> Your instructions: Please repeat the listing exactly, starting at its first line and stopping after the line that contains "Camera space: +x".

> Study material:
※
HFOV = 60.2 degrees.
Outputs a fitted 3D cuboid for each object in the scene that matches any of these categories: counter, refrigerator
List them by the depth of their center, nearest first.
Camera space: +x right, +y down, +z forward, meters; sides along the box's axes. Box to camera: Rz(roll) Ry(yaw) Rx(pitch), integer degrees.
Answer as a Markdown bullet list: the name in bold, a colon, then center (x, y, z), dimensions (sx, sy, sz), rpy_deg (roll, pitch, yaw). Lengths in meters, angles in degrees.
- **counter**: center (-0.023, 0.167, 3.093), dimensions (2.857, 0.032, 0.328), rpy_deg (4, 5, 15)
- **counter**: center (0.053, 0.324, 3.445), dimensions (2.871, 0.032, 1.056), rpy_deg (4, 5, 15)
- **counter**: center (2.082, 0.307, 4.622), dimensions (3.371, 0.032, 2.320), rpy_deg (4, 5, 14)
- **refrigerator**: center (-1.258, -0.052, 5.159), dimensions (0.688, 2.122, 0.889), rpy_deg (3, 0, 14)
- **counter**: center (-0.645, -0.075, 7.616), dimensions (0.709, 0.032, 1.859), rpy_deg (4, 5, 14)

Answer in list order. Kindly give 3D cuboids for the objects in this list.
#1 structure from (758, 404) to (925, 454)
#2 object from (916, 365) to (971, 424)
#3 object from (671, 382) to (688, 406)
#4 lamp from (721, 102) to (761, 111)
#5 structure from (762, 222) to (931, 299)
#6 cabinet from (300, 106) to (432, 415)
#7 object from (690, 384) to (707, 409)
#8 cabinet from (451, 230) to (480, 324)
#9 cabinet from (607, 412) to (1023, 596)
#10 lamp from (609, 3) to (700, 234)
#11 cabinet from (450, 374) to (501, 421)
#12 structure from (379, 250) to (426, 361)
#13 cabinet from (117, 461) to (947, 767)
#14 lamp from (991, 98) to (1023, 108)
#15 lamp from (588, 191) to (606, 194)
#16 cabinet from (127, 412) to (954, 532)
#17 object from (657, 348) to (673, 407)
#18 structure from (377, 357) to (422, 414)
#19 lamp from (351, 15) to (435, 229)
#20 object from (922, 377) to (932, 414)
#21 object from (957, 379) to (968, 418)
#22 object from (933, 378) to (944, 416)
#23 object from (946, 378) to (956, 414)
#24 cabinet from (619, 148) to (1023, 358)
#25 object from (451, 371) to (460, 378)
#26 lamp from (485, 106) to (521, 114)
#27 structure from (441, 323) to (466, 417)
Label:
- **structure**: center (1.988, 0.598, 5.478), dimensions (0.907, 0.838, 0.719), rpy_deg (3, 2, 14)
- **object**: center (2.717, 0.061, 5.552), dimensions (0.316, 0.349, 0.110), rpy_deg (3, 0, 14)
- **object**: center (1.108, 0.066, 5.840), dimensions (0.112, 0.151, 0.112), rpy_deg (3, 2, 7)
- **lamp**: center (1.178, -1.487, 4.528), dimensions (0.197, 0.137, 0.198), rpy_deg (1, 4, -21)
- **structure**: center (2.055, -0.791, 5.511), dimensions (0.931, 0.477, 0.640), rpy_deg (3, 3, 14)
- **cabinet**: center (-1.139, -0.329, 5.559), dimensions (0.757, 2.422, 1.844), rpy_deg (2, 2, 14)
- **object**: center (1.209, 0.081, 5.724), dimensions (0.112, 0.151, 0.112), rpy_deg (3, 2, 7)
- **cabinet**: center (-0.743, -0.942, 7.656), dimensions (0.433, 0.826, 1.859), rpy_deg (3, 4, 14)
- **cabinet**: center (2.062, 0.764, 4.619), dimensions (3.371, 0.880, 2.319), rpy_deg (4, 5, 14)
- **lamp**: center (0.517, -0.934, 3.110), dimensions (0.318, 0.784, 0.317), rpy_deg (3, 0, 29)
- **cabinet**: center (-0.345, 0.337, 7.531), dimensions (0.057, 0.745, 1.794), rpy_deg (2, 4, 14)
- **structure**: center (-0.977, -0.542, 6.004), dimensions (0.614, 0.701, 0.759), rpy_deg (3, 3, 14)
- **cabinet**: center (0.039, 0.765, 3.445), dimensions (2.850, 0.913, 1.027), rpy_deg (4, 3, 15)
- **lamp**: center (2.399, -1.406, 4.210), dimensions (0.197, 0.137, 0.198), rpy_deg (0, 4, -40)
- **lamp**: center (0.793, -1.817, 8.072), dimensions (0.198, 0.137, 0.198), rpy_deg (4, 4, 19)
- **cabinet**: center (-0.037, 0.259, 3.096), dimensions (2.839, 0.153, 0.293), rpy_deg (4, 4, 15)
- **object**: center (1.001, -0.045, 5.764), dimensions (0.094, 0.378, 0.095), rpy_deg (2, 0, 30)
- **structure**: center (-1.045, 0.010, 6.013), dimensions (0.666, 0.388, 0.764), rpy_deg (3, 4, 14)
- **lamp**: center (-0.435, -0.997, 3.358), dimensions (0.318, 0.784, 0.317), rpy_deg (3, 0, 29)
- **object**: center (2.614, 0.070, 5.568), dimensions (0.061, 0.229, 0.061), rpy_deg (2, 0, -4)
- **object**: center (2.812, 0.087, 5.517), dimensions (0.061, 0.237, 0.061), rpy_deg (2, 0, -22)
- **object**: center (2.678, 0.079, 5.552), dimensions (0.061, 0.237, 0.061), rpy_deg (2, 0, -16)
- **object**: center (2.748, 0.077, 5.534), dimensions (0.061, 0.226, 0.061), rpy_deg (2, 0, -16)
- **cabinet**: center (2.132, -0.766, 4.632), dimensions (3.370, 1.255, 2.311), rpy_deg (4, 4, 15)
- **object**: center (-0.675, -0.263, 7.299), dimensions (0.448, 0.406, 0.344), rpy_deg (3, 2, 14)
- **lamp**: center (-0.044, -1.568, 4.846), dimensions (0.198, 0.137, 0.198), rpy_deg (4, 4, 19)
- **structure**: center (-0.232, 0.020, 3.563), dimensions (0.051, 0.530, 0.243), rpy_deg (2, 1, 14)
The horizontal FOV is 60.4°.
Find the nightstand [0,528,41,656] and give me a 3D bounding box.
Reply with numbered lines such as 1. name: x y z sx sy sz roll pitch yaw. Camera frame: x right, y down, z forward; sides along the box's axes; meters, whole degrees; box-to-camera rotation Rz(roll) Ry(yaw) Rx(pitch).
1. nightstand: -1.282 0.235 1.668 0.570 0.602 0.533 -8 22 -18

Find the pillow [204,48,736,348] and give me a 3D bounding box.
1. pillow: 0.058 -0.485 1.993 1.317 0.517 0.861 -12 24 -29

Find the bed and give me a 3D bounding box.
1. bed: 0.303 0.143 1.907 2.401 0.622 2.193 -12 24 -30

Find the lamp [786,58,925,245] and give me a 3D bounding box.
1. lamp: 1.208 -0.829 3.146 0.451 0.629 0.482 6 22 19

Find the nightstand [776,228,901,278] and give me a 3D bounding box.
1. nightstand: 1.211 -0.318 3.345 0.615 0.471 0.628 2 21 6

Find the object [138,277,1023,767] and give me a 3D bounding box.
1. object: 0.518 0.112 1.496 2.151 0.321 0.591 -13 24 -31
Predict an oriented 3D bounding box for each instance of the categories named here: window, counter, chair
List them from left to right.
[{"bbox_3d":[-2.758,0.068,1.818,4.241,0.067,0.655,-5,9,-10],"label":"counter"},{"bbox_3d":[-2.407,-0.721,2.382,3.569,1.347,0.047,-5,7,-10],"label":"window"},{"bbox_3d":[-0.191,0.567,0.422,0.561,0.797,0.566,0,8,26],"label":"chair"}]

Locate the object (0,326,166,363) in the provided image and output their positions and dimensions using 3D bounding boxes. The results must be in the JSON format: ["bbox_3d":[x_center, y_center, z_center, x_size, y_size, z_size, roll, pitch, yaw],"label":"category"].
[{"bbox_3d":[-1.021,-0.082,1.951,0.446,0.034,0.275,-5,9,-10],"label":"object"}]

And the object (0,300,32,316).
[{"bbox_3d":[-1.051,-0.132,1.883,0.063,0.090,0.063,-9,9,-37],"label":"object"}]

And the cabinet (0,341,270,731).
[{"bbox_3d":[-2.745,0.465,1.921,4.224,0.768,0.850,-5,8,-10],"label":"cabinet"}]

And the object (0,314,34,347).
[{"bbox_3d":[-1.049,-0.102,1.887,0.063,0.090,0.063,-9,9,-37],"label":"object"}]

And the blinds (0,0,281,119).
※
> Final answer:
HFOV = 60.2 degrees.
Outputs a fitted 3D cuboid for each object in the scene that matches any of these categories: counter, refrigerator
List them by the depth of their center, nearest first.
Camera space: +x right, +y down, +z forward, meters; sides along the box's axes. Box to camera: Rz(roll) Ry(yaw) Rx(pitch), integer degrees.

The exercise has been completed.